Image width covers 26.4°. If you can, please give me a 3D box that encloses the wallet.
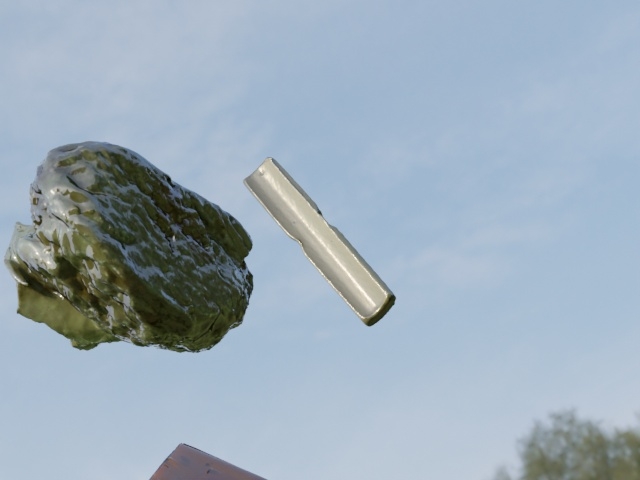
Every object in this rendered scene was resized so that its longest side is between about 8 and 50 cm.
[{"bbox_3d":[-0.135,0.326,1.703,0.195,0.161,0.042,-57,-8,-75],"label":"wallet"}]

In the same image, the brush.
[{"bbox_3d":[0.000,0.000,1.703,0.054,0.282,0.048,-43,-31,3],"label":"brush"}]

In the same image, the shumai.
[{"bbox_3d":[-0.206,0.032,1.318,0.218,0.189,0.256,-25,-44,32],"label":"shumai"}]
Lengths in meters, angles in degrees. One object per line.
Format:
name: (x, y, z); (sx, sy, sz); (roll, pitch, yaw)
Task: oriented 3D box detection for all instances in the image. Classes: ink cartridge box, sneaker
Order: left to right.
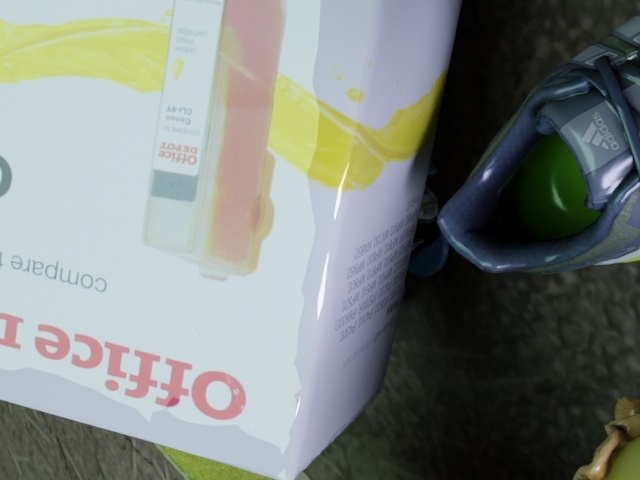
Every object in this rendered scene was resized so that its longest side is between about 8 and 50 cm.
ink cartridge box: (-0.083, -0.112, 0.747); (0.279, 0.160, 0.385); (14, 106, 15)
sneaker: (0.164, -0.061, 0.663); (0.111, 0.121, 0.300); (56, 138, 12)

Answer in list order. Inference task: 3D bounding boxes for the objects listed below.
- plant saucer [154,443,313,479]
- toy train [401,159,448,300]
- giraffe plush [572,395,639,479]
plant saucer: (0.013, 0.172, 0.793); (0.188, 0.045, 0.188); (43, 172, 28)
toy train: (0.000, 0.000, 0.902); (0.184, 0.080, 0.105); (-44, 67, 47)
giraffe plush: (0.153, 0.152, 0.639); (0.181, 0.210, 0.170); (-10, 60, 44)
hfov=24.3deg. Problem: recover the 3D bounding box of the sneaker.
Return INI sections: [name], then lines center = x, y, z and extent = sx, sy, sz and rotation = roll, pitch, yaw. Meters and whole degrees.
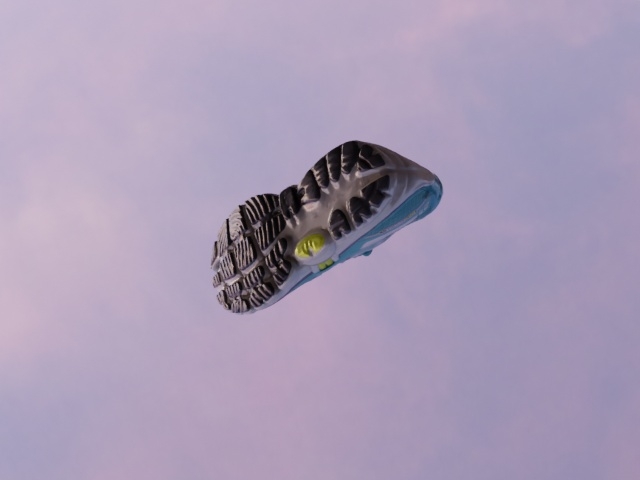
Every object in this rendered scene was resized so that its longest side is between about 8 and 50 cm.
[sneaker]
center = 0.000, 0.000, 1.406
extent = 0.275, 0.110, 0.107
rotation = -28, -115, 39
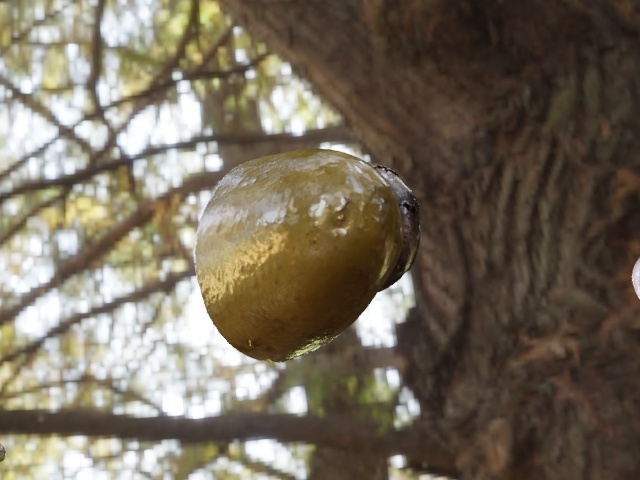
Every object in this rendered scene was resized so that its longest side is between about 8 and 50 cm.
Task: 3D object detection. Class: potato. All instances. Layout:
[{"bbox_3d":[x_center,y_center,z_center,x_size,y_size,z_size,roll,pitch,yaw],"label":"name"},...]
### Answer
[{"bbox_3d":[0.000,0.000,1.267,0.203,0.178,0.158,-41,12,-31],"label":"potato"}]

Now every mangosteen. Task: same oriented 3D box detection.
[{"bbox_3d":[0.040,-0.012,1.744,0.166,0.166,0.180,-21,-1,24],"label":"mangosteen"}]

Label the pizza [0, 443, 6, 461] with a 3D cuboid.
[{"bbox_3d":[-0.569,0.265,1.796,0.258,0.087,0.268,4,-1,22],"label":"pizza"}]

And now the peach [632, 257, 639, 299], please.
[{"bbox_3d":[0.402,0.055,1.669,0.061,0.098,0.098,-57,-40,0],"label":"peach"}]
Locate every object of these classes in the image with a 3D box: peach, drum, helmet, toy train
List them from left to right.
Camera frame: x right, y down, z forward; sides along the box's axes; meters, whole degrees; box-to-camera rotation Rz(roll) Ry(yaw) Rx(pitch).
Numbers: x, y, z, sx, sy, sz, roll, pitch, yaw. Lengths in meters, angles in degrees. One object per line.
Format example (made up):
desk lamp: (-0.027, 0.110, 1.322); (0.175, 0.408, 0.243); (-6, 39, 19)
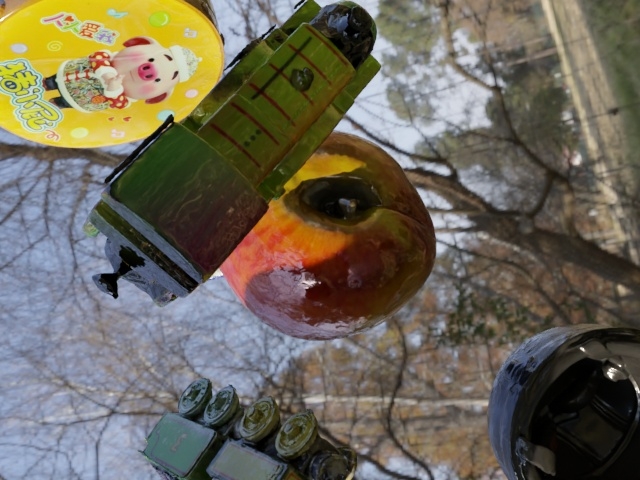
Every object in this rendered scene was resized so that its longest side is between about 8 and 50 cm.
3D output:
drum: (-0.380, -0.354, 1.303); (0.431, 0.431, 0.214); (34, -146, -62)
toy train: (-0.056, 0.148, 0.536); (0.060, 0.202, 0.081); (46, -114, -25)
toy train: (-0.054, -0.076, 0.586); (0.100, 0.160, 0.296); (43, -119, -9)
peach: (0.000, 0.000, 0.918); (0.281, 0.281, 0.238); (48, -133, -54)
helmet: (0.306, 0.207, 0.890); (0.279, 0.230, 0.160); (36, 178, -18)

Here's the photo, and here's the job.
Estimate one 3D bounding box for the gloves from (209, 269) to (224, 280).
gloves: (-0.193, 0.044, 1.425); (0.026, 0.086, 0.064); (44, -143, -41)
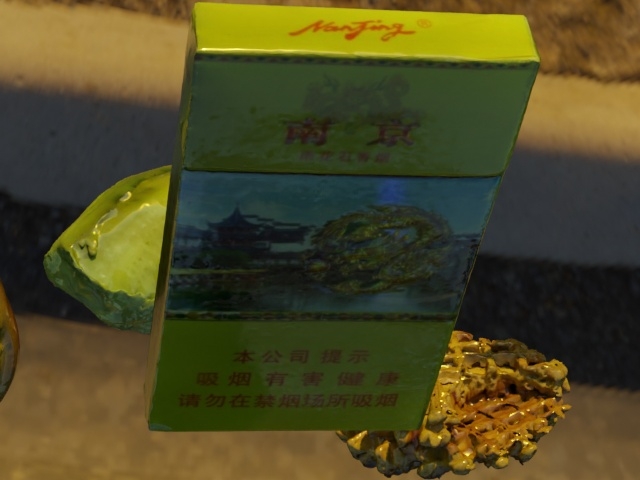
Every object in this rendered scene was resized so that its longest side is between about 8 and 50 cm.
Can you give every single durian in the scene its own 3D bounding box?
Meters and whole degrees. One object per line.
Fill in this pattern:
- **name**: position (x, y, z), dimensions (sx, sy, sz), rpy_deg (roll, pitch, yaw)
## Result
- **durian**: position (-0.094, 0.012, 1.381), dimensions (0.250, 0.139, 0.101), rpy_deg (-1, 165, -39)

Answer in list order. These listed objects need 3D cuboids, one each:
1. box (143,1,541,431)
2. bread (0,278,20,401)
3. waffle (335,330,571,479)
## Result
- **box**: position (0.000, 0.000, 1.056), dimensions (0.187, 0.047, 0.335), rpy_deg (1, 138, -10)
- **bread**: position (-0.298, -0.011, 1.027), dimensions (0.160, 0.333, 0.333), rpy_deg (-41, 112, -6)
- **waffle**: position (0.109, 0.132, 1.485), dimensions (0.197, 0.193, 0.070), rpy_deg (4, 111, 25)
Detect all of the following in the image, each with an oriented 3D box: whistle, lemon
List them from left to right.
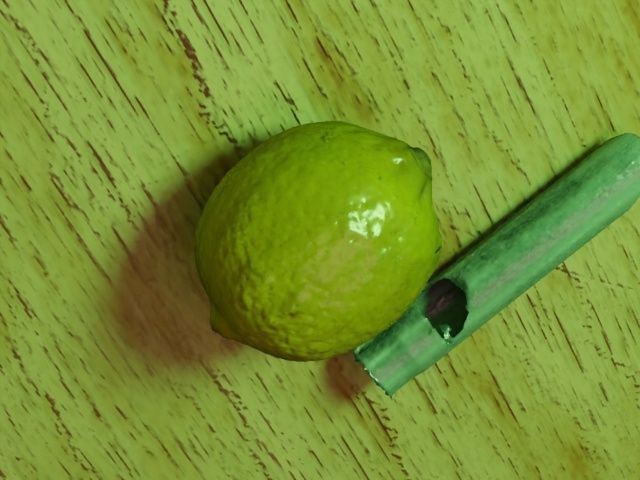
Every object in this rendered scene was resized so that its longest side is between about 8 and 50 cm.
[{"bbox_3d":[-0.001,0.003,1.190,0.180,0.180,0.193,30,81,-33],"label":"lemon"},{"bbox_3d":[0.162,0.019,1.336,0.312,0.062,0.062,-38,125,1],"label":"whistle"}]
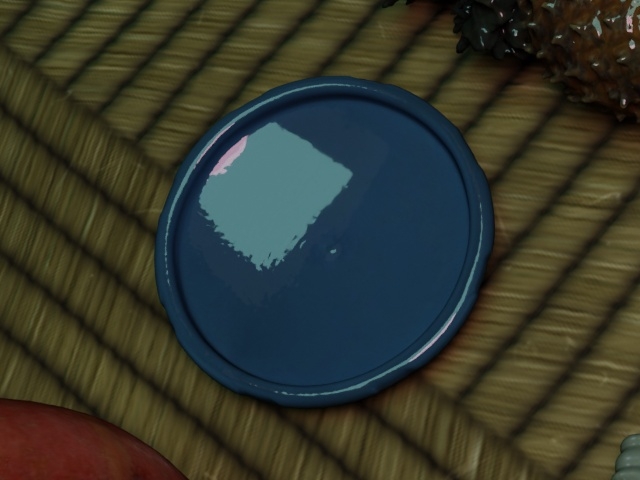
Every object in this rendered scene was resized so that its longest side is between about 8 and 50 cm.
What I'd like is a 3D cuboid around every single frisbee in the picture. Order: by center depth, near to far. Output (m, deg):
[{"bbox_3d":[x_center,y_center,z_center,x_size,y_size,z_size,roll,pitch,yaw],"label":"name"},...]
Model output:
[{"bbox_3d":[0.002,0.002,1.235,0.289,0.049,0.290,-6,69,16],"label":"frisbee"}]

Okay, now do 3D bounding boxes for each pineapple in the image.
[{"bbox_3d":[0.188,-0.199,1.227,0.310,0.141,0.170,24,61,35],"label":"pineapple"}]

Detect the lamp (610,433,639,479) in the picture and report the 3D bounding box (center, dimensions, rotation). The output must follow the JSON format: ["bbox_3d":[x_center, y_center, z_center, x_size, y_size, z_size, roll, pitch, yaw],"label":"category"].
[{"bbox_3d":[0.216,0.228,1.040,0.106,0.106,0.193,9,59,22],"label":"lamp"}]

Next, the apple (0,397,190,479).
[{"bbox_3d":[-0.234,0.280,1.021,0.363,0.364,0.364,-7,65,15],"label":"apple"}]
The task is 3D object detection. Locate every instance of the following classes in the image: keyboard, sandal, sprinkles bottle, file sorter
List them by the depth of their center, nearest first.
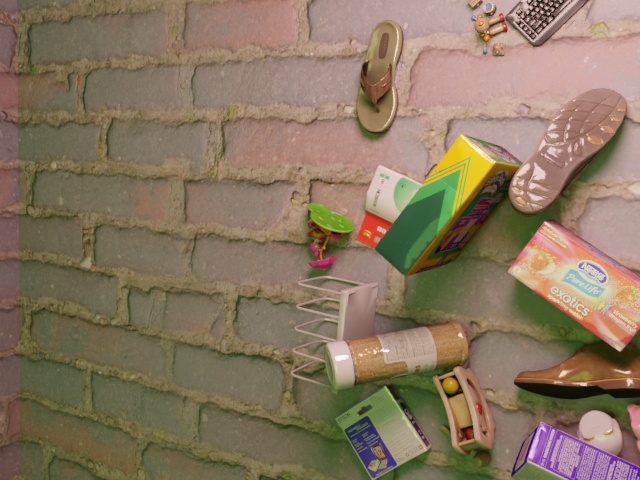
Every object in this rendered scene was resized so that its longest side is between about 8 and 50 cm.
[{"bbox_3d":[0.567,-0.642,1.461,0.317,0.033,0.202,-45,73,23],"label":"keyboard"},{"bbox_3d":[0.192,0.290,1.576,0.355,0.121,0.121,-9,90,-11],"label":"sprinkles bottle"},{"bbox_3d":[0.149,-0.443,1.670,0.120,0.086,0.303,9,98,28],"label":"sandal"},{"bbox_3d":[0.033,0.251,1.730,0.173,0.192,0.278,9,98,30],"label":"file sorter"}]

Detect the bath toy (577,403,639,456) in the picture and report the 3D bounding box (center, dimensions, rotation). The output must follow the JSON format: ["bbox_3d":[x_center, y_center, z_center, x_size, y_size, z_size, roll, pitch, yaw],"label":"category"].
[{"bbox_3d":[0.767,0.438,1.389,0.348,0.151,0.129,-20,119,29],"label":"bath toy"}]

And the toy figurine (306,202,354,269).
[{"bbox_3d":[0.000,0.000,1.784,0.173,0.130,0.159,43,124,42],"label":"toy figurine"}]

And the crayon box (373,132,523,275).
[{"bbox_3d":[0.319,-0.081,1.449,0.106,0.363,0.313,42,112,20],"label":"crayon box"}]

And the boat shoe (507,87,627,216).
[{"bbox_3d":[0.560,-0.203,1.439,0.132,0.130,0.355,44,89,16],"label":"boat shoe"}]

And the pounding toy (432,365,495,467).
[{"bbox_3d":[0.351,0.471,1.594,0.154,0.154,0.270,-27,81,27],"label":"pounding toy"}]

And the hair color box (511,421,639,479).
[{"bbox_3d":[0.627,0.552,1.401,0.338,0.185,0.110,24,64,17],"label":"hair color box"}]

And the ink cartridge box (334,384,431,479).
[{"bbox_3d":[0.174,0.542,1.757,0.206,0.045,0.208,-39,77,25],"label":"ink cartridge box"}]

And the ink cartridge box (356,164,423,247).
[{"bbox_3d":[0.200,-0.069,1.693,0.181,0.056,0.225,28,105,24],"label":"ink cartridge box"}]

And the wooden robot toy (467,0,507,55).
[{"bbox_3d":[0.410,-0.540,1.526,0.076,0.079,0.173,-21,85,29],"label":"wooden robot toy"}]

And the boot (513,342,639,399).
[{"bbox_3d":[0.620,0.315,1.487,0.305,0.112,0.115,-11,59,33],"label":"boot"}]

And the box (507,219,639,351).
[{"bbox_3d":[0.611,0.095,1.430,0.300,0.142,0.154,39,110,20],"label":"box"}]
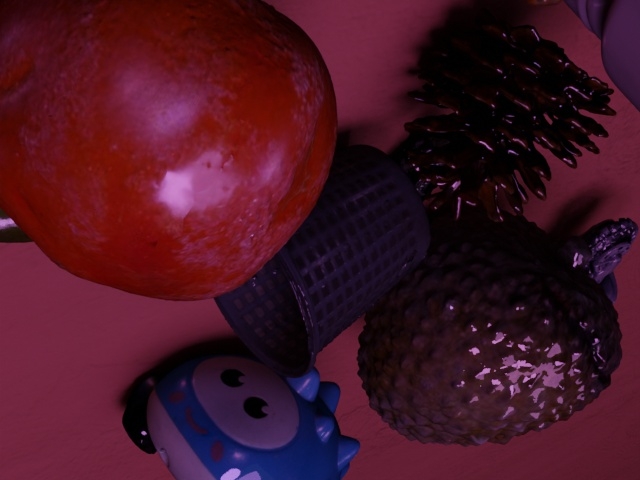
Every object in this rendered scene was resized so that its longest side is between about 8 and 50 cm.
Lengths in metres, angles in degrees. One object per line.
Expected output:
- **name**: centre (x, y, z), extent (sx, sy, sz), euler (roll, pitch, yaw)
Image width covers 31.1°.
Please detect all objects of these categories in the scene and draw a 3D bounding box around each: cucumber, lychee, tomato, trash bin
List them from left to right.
- **tomato**: centre (-0.106, -0.066, 0.690), extent (0.189, 0.232, 0.232), euler (-67, 157, -18)
- **trash bin**: centre (0.000, 0.000, 0.969), extent (0.161, 0.175, 0.175), euler (-31, 153, -25)
- **cucumber**: centre (0.069, -0.041, 1.071), extent (0.053, 0.053, 0.181), euler (4, 135, -47)
- **lychee**: centre (0.166, 0.094, 1.157), extent (0.274, 0.255, 0.255), euler (-50, 147, 14)

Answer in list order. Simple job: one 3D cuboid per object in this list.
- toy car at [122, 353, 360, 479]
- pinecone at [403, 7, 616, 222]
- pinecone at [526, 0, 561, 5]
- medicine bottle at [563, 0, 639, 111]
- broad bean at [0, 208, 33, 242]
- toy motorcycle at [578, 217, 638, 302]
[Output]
- **toy car**: centre (-0.064, 0.201, 1.170), extent (0.190, 0.188, 0.255), euler (-42, 148, 0)
- **pinecone**: centre (0.142, -0.092, 0.942), extent (0.165, 0.163, 0.163), euler (-56, 146, 9)
- **pinecone**: centre (0.121, -0.246, 0.618), extent (0.264, 0.264, 0.264), euler (-24, 150, -15)
- **medicine bottle**: centre (0.322, -0.155, 0.844), extent (0.208, 0.340, 0.208), euler (-24, 150, -15)
- **broad bean**: centre (-0.203, -0.019, 0.844), extent (0.254, 0.046, 0.065), euler (-13, 152, -28)
- **toy motorcycle**: centre (0.247, 0.079, 1.368), extent (0.307, 0.108, 0.173), euler (-33, 156, 5)
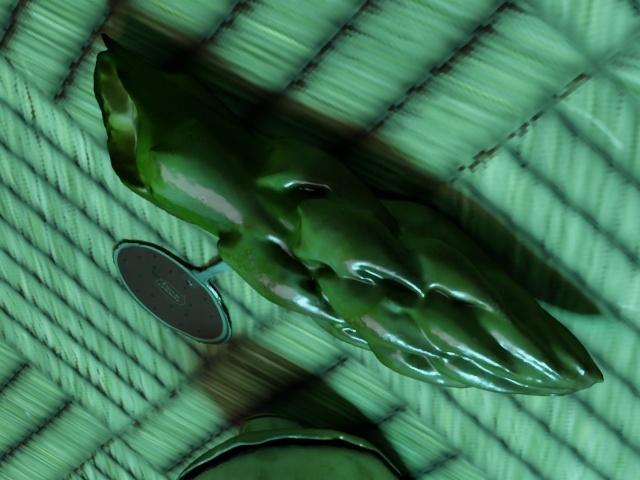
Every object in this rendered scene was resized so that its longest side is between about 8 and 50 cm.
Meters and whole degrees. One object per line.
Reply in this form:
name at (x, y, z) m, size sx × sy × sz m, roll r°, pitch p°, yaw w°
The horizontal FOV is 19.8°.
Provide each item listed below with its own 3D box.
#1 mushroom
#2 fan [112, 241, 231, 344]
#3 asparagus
mushroom at (-0.020, 0.162, 1.073) m, size 0.154 × 0.122 × 0.154 m, roll -5°, pitch 147°, yaw -3°
fan at (-0.076, 0.026, 1.044) m, size 0.085 × 0.005 × 0.133 m, roll 44°, pitch 152°, yaw -9°
asparagus at (0.000, 0.000, 0.846) m, size 0.287 × 0.080 × 0.080 m, roll 28°, pitch 150°, yaw 9°
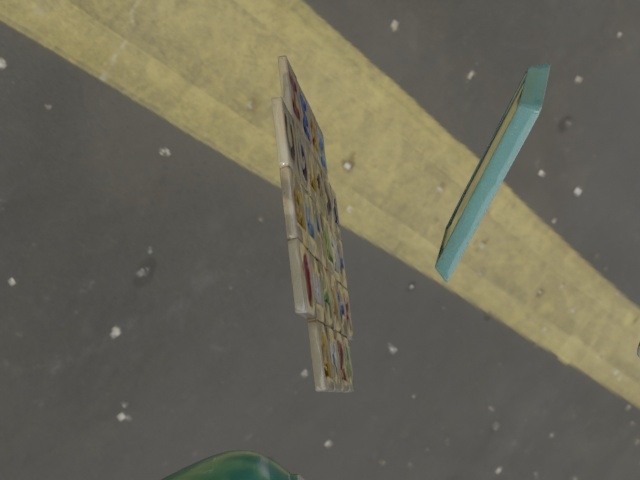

▶ WHAT YOU ARE ASKED TO DO: Whenever a line above includes the string "Locate", copy it.

▶ RESPONSE AREA:
Locate every object of these classes in the image with a 3D box: peach, drum, helmet, toy train
The task is 3D object detection. Locate every instance of the following classes in the image: keyboard, sandal, sprinkles bottle, file sorter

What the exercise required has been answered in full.